# Solve the equation

Question:

Solve the equation – 4 + (-1) + 2 +… + x = 437.

Solution:

Given equation is, – 4 -1 + 2 + … + x = 437                                                                                  …(i)

Here, – 4-1 + 2 + …+ x forms an AP with first term =-4, common difference =3,

an = l = x

$\because$ nth term of an AP, $a_{n}=l=a+(n-1) d$

$\Rightarrow \quad x=-4+(n-1) 3$

$\Rightarrow \quad \frac{x+4}{3}=n-1 \Rightarrow n=\frac{x+7}{3}$ ....(ii)

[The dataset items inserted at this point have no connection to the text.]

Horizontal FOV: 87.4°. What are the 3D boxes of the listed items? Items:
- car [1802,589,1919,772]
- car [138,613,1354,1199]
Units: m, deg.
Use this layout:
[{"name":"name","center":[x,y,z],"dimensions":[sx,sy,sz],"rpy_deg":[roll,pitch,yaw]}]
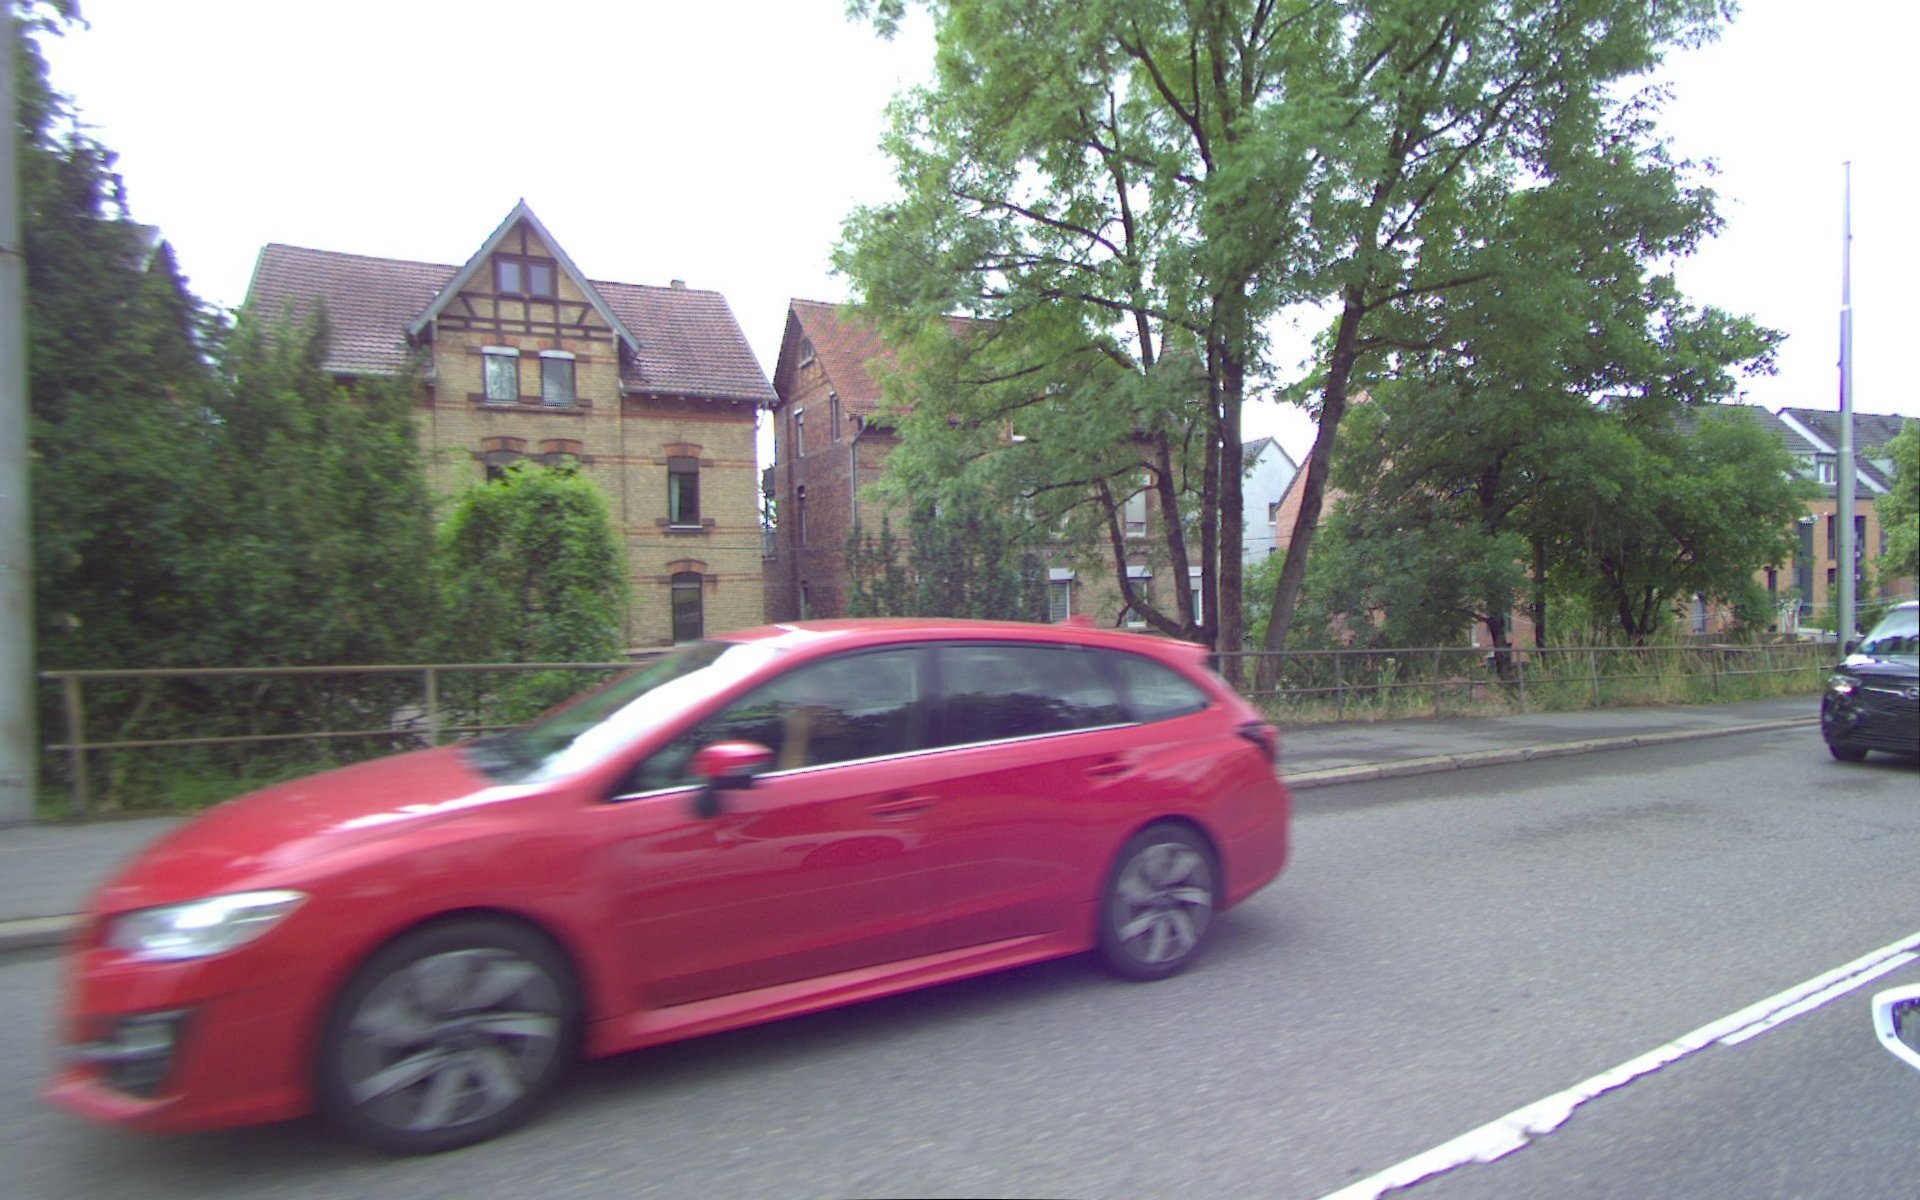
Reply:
[{"name":"car","center":[11.142,0.799,10.922],"dimensions":[4.379,1.769,1.774],"rpy_deg":[1,-1,-32]},{"name":"car","center":[-0.505,0.802,4.277],"dimensions":[4.377,1.478,1.775],"rpy_deg":[1,-1,-31]}]

$\therefore \quad$ Sum of an AP, $S_{n}=\frac{n}{2}[2 a+(n-1) d]$

$S_{n}=\frac{x+7}{2 \times 3}\left[2(-4)+\left(\frac{x+4}{3}\right) \cdot 3\right]$

$=\frac{x+7}{2 \times 3}(-8+x+4)=\frac{(x+7)(x-4)}{2 \times 3}$

From Eq. (i),

$S_{n}=437$

$\Rightarrow \quad \frac{(x+7)(x-4)}{2 \times 3}=437$

$\Rightarrow \quad x^{2}+7 x-4 x-28=874 \times 3$

$\Rightarrow \quad x^{2}+3 x-2650=0$

$x=\frac{-3 \pm \sqrt{(3)^{2}-4(-2650)}}{2}$ [by quadratic formula]

$=\frac{-3 \pm \sqrt{9+10600}}{2}$

Here, x cannot be negative, i.e., x ≠- 53

also, for x = -53, n will be negatuve which is not possible

Hence, the required value of x is 50.